**PROBLEM DESCRIPTION:** Images excluded, repeat each entry below exactly.
- - - - - - -
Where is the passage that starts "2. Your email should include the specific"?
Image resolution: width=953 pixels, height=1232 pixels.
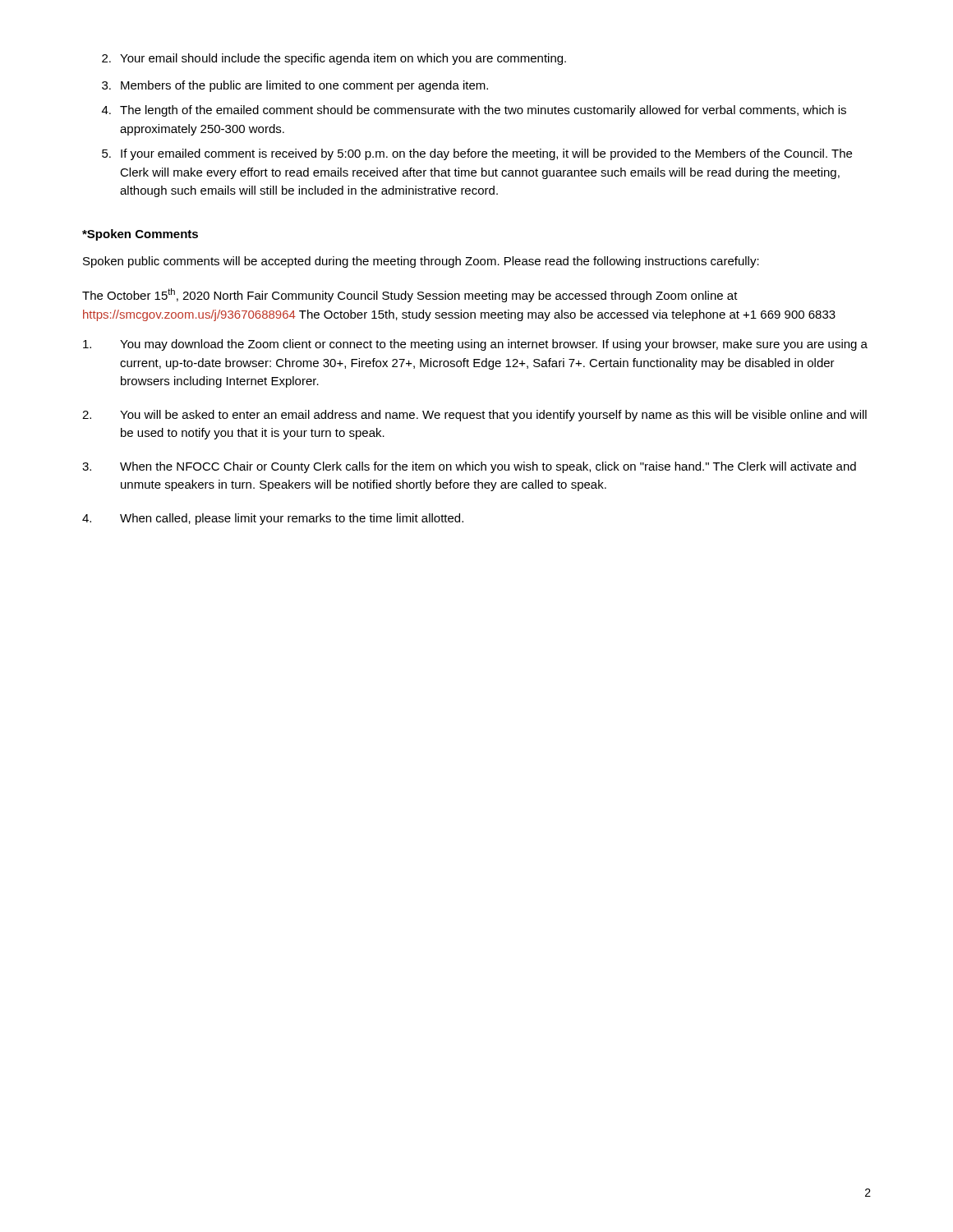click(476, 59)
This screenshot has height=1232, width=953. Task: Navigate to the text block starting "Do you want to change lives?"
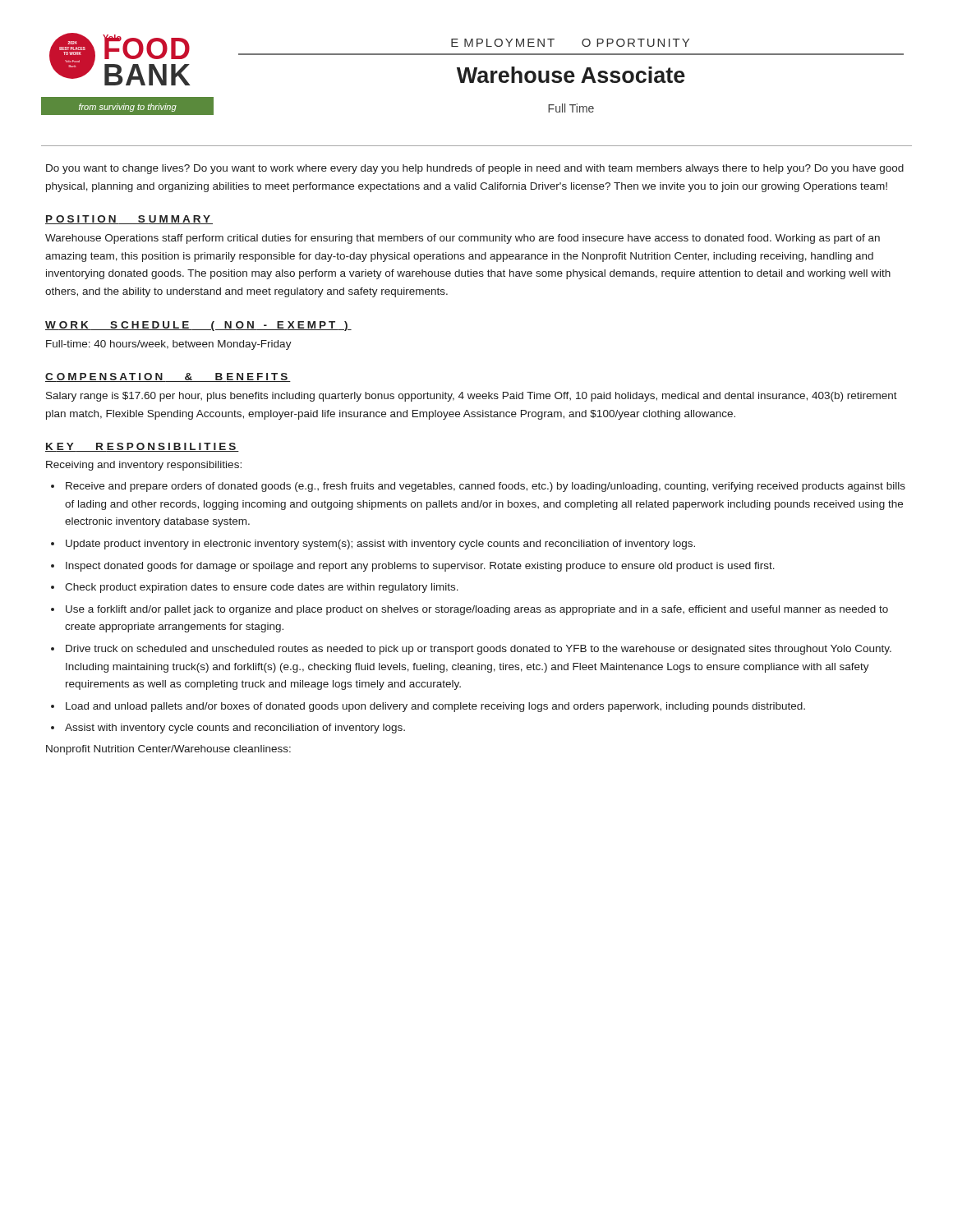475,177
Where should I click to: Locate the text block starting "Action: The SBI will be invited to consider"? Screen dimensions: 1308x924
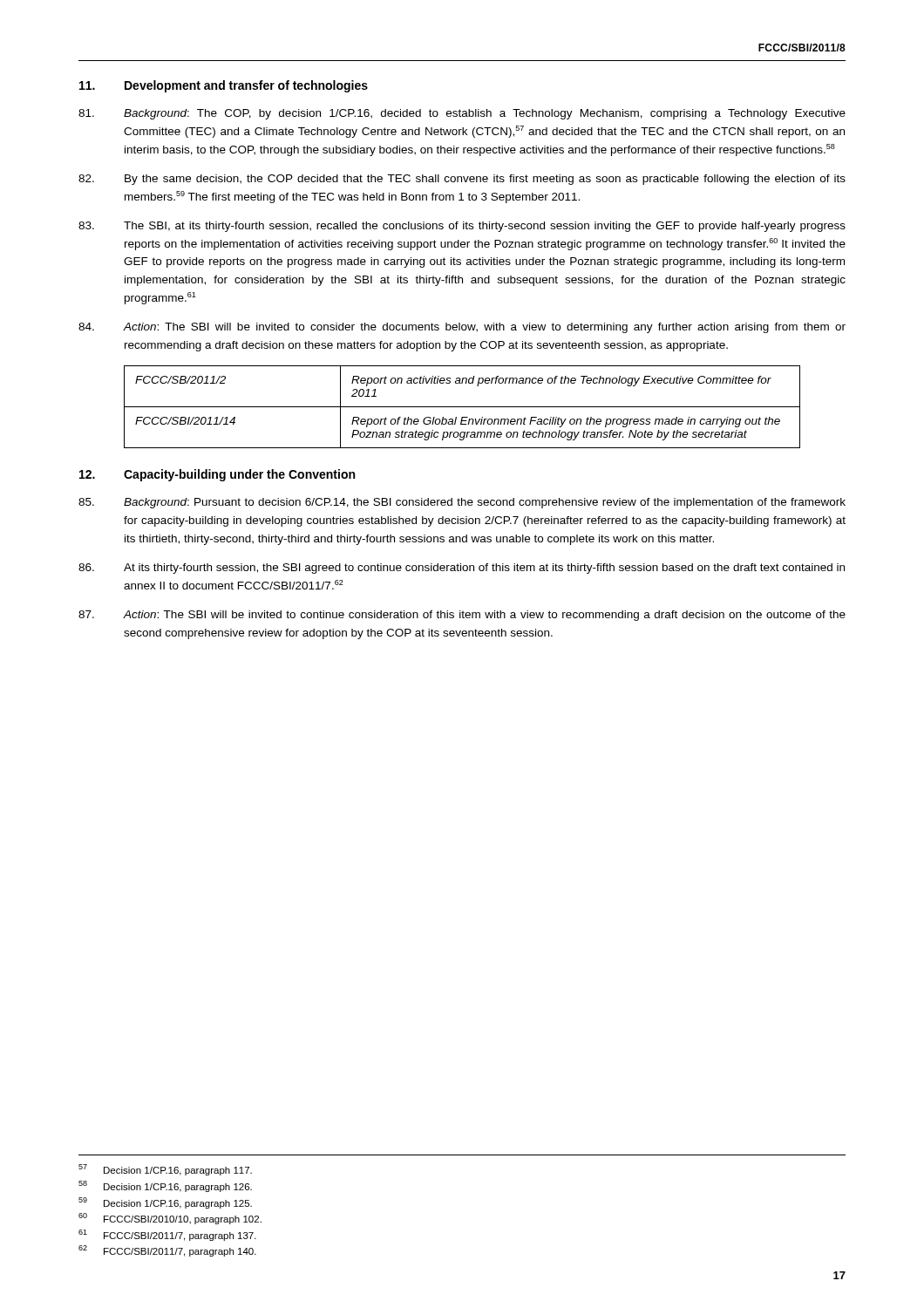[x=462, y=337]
- - - - - - -
**SOLUTION BELOW:**
Where is the passage that starts "2. Your email should include the specific"?
Image resolution: width=953 pixels, height=1232 pixels.
click(476, 59)
This screenshot has height=1232, width=953. Task: Navigate to the text block starting "Do you want to change lives?"
475,177
Where should I click to: Locate the text block starting "Action: The SBI will be invited to consider"? Screen dimensions: 1308x924
[x=462, y=337]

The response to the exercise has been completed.